All of this means that there are great prizes ahead for the companies that deliver the winning solutions.

In America, energy storage is already being supported. Various projects have been funded by the American Recovery and Reinvestment Act (ARRA), with $185 million of public money, which attracted $585 million of private investment.

We risk losing out in this huge global market if we do not back our own companies to the extent that America is doing.

Steven Berberich, the President and CEO of the California Independent System Operator, is of the opinion that "storage plus renewables is a marriage made in heaven".

California has a 33% renewable energy mandate and a cap and trade system starting next year. 12GW of distributed wind and solar power is expected to enter the market. Storage has the ability to cover for when there is no wind or at night time.

"It's the economics of storage we need to sort out," Berberich says.

That’s exactly what the Energy Bill should address. But Berberich believes that frequency regulation is the first market opportunity for energy storage, because it is already economic.

A ruling in the States by the Federal Energy Regulatory Commission (FERC) that forces Independent System Operators to take into account the benefit of storage is making them see its cost-effectiveness when used for this purpose.

Two pilot projects are establishing this near New York: one, run by Beacon Power, uses 20 MW of flywheel power, the other, by AES, uses 8MW of lithium batteries.

Another frequency regulation energy storage project in EastPenn, Pennsylvania, uses 3MW of innovative batteries that look like lead acid but with one electrode containing carbon; a cross between ultracapacitors and lead acid batteries with ten times the cycle life of other batteries.

Ian Ellerington, Head of Innovation Delivery at DECC, said earlier this year that if it was possible to fit energy storage support into the Energy Bill it would be a real boost to the industry.

“The energy system has to make sure it’s cost competitive and if storage can be part of that then it would be good to have the commercial mechanism in place to take advantage of the benefits that can be realised through that,” he said.

The Institution of Mechanical Engineers has also called upon the Government to support electricity storage through market reform.
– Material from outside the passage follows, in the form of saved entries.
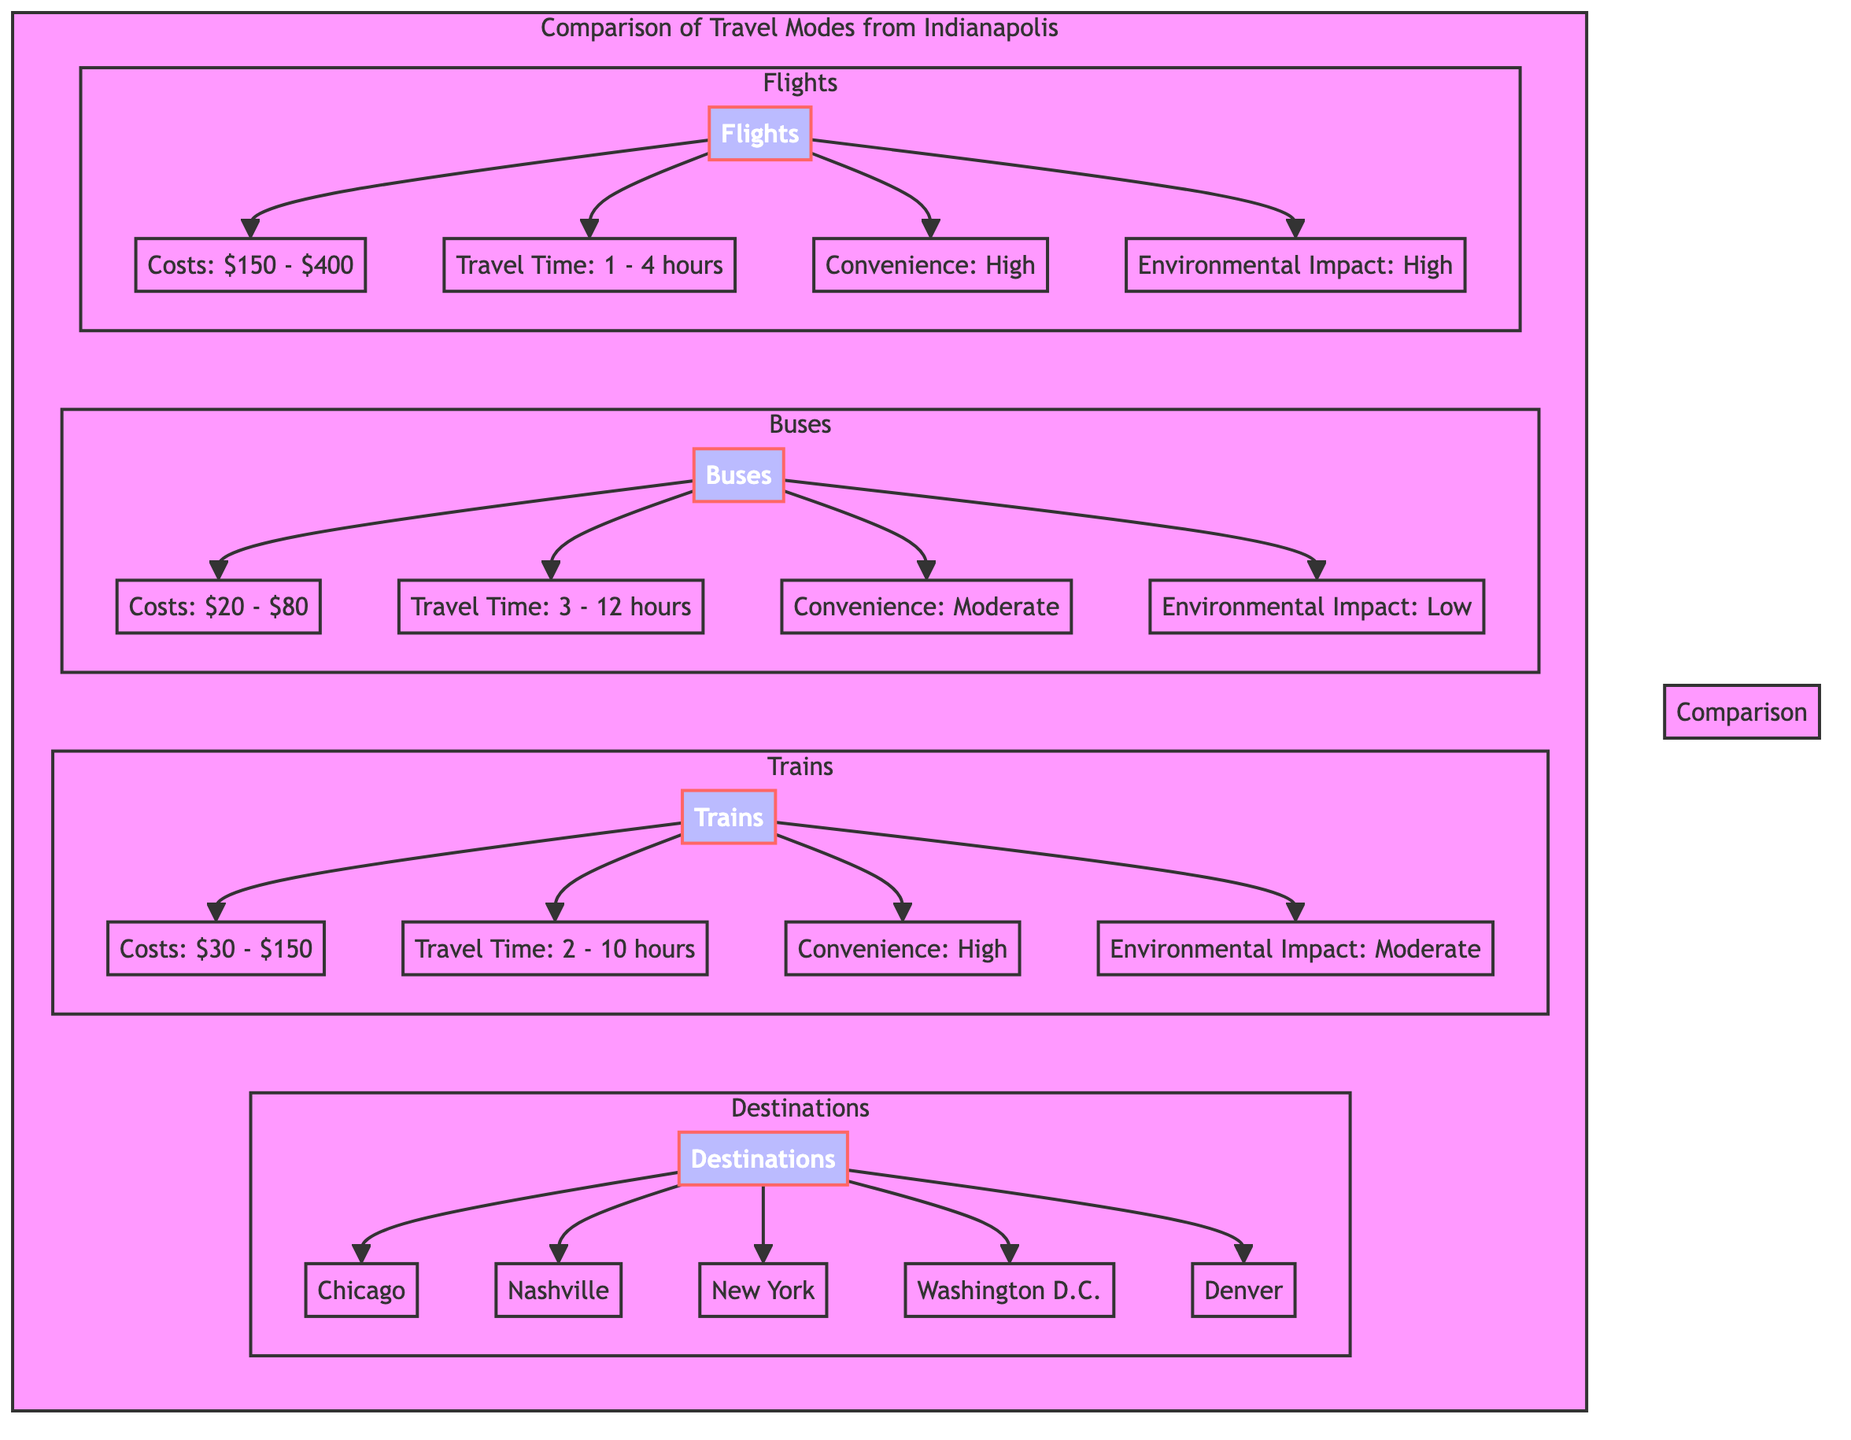What is the cost range for trains? The diagram indicates that the cost range for trains is listed as $30 - $150. To find this, I looked directly under the "Trains" subsection where costs are specified.
Answer: $30 - $150 What is the environmental impact of buses? The diagram shows that the environmental impact of buses is categorized as low. This information is found directly under the "Buses" section of the diagram.
Answer: Low Which travel mode has the highest convenience? According to the diagram, flights and trains are both categorized as high in convenience, but flights are indicated first. Thus, flights have the highest convenience. I identified this by comparing the convenience levels of each travel mode.
Answer: High How long does it take to travel to New York by bus? The diagram specifies a travel time range for buses of 3 - 12 hours, which applies to any destination, including New York. This is determined by examining the travel time listed under the "Buses" subsection.
Answer: 3 - 12 hours How many destinations are listed in the diagram? The diagram lists a total of five destinations: Chicago, Nashville, New York, Washington D.C., and Denver. To answer this, I counted the destinations listed in the "Destinations" section of the diagram.
Answer: 5 Which travel mode has the lowest cost? The diagram shows that buses have the lowest cost range of $20 - $80 compared to flights and trains. This is determined by comparing the cost sections of all three travel modes.
Answer: Buses What is the travel time range for flights? The travel time range for flights is specified as 1 - 4 hours in the diagram. I deduced this by checking the travel time indicated under the "Flights" section.
Answer: 1 - 4 hours What is the environmental impact of trains? The diagram indicates that the environmental impact of trains is classified as moderate. This information can be found directly under the "Trains" subsection.
Answer: Moderate 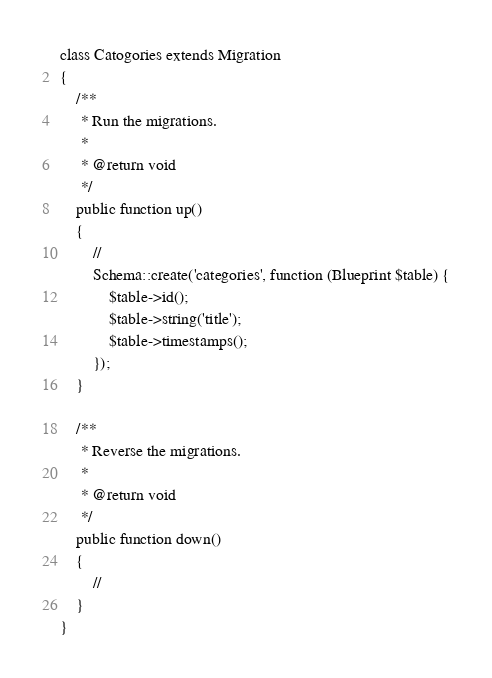<code> <loc_0><loc_0><loc_500><loc_500><_PHP_>
class Catogories extends Migration
{
    /**
     * Run the migrations.
     *
     * @return void
     */
    public function up()
    {
        //
        Schema::create('categories', function (Blueprint $table) {
            $table->id();
            $table->string('title');
            $table->timestamps();
        });
    }

    /**
     * Reverse the migrations.
     *
     * @return void
     */
    public function down()
    {
        //
    }
}
</code>

It criticises the “lack of understanding about the flexibility of electrical storage and the wider financial benefits it can deliver”.

The way to do this in the Energy Bill is to introduce a separate market category from generation, transmission, distribution and supply.
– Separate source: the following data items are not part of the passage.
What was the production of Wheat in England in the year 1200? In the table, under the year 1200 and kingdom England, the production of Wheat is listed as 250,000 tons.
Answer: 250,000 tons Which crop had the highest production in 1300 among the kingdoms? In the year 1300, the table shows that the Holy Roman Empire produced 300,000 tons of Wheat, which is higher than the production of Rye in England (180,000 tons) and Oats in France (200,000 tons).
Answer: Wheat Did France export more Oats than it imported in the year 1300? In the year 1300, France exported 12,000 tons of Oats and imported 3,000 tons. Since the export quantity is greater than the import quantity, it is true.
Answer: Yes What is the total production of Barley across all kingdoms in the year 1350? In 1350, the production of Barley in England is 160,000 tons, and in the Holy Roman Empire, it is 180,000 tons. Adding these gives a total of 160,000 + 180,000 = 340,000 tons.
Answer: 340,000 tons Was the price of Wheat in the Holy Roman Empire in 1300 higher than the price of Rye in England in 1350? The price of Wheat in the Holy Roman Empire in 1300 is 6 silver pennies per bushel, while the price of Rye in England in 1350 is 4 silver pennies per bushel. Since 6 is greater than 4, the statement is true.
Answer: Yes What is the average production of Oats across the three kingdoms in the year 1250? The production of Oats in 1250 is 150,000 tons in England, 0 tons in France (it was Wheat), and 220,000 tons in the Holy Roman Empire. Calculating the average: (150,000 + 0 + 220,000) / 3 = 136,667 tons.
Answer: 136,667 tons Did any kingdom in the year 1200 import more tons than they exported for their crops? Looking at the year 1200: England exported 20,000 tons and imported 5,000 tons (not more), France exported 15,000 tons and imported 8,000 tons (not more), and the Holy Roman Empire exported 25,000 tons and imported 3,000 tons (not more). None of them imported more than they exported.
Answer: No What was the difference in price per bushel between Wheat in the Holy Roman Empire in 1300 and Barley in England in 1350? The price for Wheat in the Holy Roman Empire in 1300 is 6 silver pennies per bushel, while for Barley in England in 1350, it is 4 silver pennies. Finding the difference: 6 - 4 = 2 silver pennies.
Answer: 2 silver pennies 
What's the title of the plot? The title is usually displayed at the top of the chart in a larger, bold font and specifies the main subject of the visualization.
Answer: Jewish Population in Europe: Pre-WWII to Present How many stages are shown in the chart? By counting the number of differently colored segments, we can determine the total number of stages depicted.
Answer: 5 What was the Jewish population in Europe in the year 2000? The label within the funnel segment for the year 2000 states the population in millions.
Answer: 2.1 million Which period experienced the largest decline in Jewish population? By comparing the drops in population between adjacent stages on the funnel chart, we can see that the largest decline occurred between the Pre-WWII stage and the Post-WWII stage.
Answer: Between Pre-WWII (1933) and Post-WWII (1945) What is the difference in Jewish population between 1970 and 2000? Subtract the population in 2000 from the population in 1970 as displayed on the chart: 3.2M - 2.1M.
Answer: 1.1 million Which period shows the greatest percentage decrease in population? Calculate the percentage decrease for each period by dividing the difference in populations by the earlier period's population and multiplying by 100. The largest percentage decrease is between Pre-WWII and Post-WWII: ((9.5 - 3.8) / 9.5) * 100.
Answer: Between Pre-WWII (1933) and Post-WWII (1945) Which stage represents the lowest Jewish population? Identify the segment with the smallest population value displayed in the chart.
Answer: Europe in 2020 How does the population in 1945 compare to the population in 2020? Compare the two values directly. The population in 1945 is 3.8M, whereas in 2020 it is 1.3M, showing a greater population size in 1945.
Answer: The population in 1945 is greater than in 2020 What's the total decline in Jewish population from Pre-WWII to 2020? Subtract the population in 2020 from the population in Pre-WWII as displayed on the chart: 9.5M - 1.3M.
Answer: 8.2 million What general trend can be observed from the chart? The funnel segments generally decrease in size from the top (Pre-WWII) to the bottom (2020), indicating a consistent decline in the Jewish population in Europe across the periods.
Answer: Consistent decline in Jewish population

This will mean that a market support mechanism can be targeted specifically at storage.

The proposed Capacity Mechanism, whose details require fleshing out, should be used for this purpose.

Last week, Tim Yeo, the head of the select committee on energy and climate change, called for a feed-in tariff to support energy efficiency. A similar scheme could also be an option for energy storage.

The rule change in America that made it possible for energy storage to enter the market was to force suppliers to consider energy storage on an equal basis alongside generation before making a decision on investment. This is another option that could go in the Bill.

Energy storage is an exciting and fast-moving field with huge potential, and an essential part of tomorrow’s electricity supply system.

Not to support it in the Energy Bill would be another missed opportunity.